Env(3perl) Perl Programmers Reference Guide Env(3perl)

Env - perl module that imports environment variables as scalars or arrays

use Env;
use Env qw(PATH HOME TERM);
use Env qw($SHELL @LD_LIBRARY_PATH);

Perl maintains environment variables in a special hash named %ENV. For when this access method is inconvenient, the Perl module "Env" allows environment variables to be treated as scalar or array variables.

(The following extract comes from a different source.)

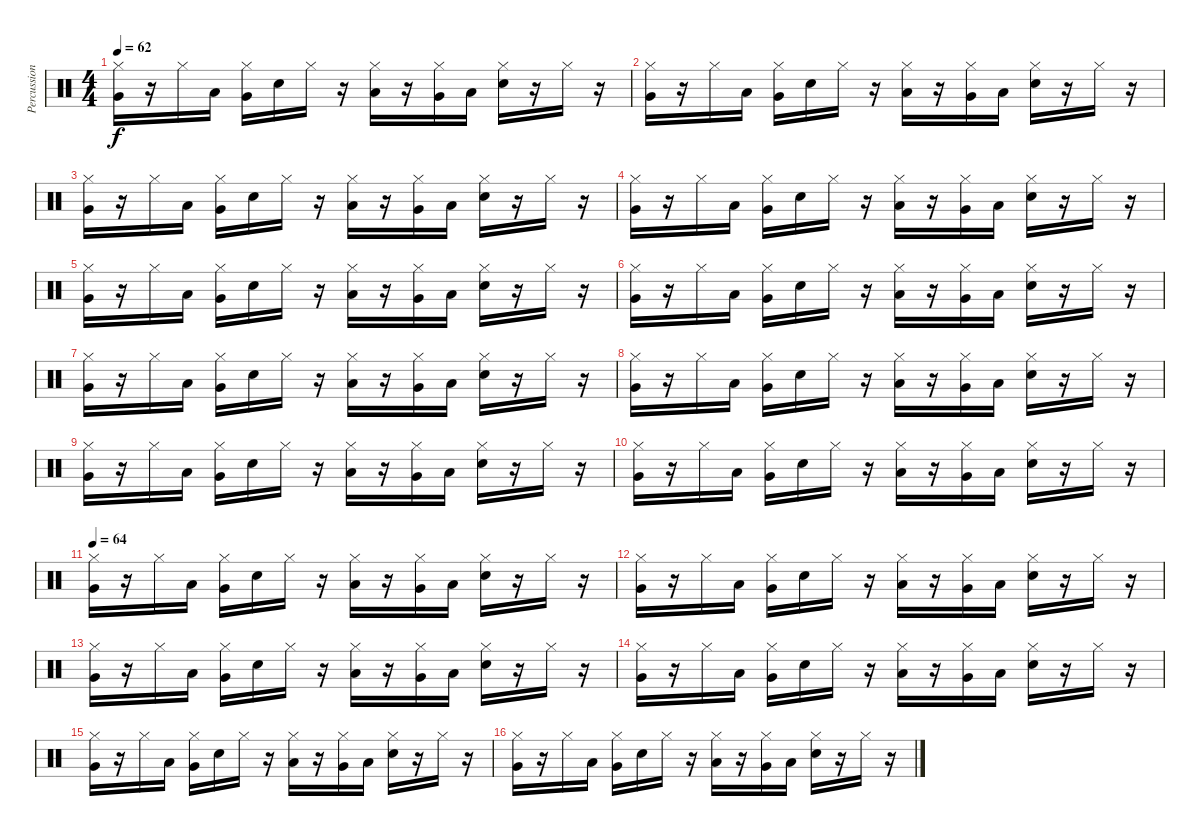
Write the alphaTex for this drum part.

The Env::import() function ties environment variables with suitable names to global Perl variables with the same names. By default it ties all existing environment variables ("keys %ENV") to scalars. If the "import" function receives arguments, it takes them to be a list of variables to tie; it's okay if they don't yet exist. The scalar type prefix '$' is inferred for any element of this list not prefixed by '$' or '@'. Arrays are implemented in terms of "split" and "join", using $Config::Config{path_sep} as the delimiter.

After an environment variable is tied, merely use it like a normal variable. You may access its value

@path = split(/:/, $PATH);
print join("\n", @LD_LIBRARY_PATH), "\n";

or modify it

$PATH .= ":/any/path";
push @LD_LIBRARY_PATH, $dir;

however you'd like. Bear in mind, however, that each access to a tied array variable requires splitting the environment variable's string anew.

The code:

use Env qw(@PATH);
push @PATH, '/any/path';

is almost equivalent to:

use Env qw(PATH);
$PATH .= ":/any/path";

except that if $ENV{PATH} started out empty, the second approach leaves it with the (odd) value "":/any/path"", but the first approach leaves it with ""/any/path"".

To remove a tied environment variable from the environment, assign it the undefined value

undef $PATH;
undef @LD_LIBRARY_PATH;

On VMS systems, arrays tied to environment variables are read-only. Attempting to change anything will cause a warning.